WOOTEN v. G.M.H. AUTO SALES, INC. et al.

76125.

Court of Appeals of Georgia.

Decided May 5, 1988.

Rehearing Denied June 1, 1988.

John F. Daugherty, Donald J. Sharp, for appellant.

C. Lawrence Jewett, Jr., for appellees.

BIRDSONG, Chief Judge.

This is an appeal by Lola Wooten, individually and as sole heir of her deceased husband, from the order of the Superior Court of DeKalb County granting in part and denying in part appellee's motion for judgment n.o.v. and, alternatively, for a new trial. In its order of September 22, 1987, the superior court granted appellee surety's motion for judgment non obstante veredicto, and it is this portion of the order that appellant contests.

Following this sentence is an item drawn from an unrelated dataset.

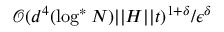Convert formula to latex. <formula><loc_0><loc_0><loc_500><loc_500>\mathcal { O } ( d ^ { 4 } ( \log ^ { * } N ) | | H | | t ) ^ { 1 + \delta } / \epsilon ^ { \delta }</formula>

Robert M. Garmon, President of appellee G.M.H. Auto Sales, Inc. executed a promissory note in the amount of $10,000 to the appellant and her deceased husband in consideration of their loaning $10,000 to Garmon to be used in operation of G.M.H. The $10,000 was not repaid pursuant to the terms of the promissory note, and the appellant/Wootens made a demand for payment.

In response to the payment demand, Garmon as President of G.M.H. "sold, transferred and assigned" to appellant certain retail installment contracts and security agreements covering the sale of 25 motor vehicles, which had been sold to various buyers by G.M.H. In *332 addition to conveying the installment contracts and security agreements, Garmon also transferred certificates of title for 12 of the 25 vehicles to the appellant and her husband, but apparently never transferred possession of the remaining 13 certificates of title. Subsequently, but before appellant/Wootens registered the 12 motor vehicles titles in their possession, G.M.H. obtained replacement certificates of title for 12 motor vehicles, continued to collect payments under the installment contracts in question, and apparently refused to remit any monies therefrom to the appellant/Wootens.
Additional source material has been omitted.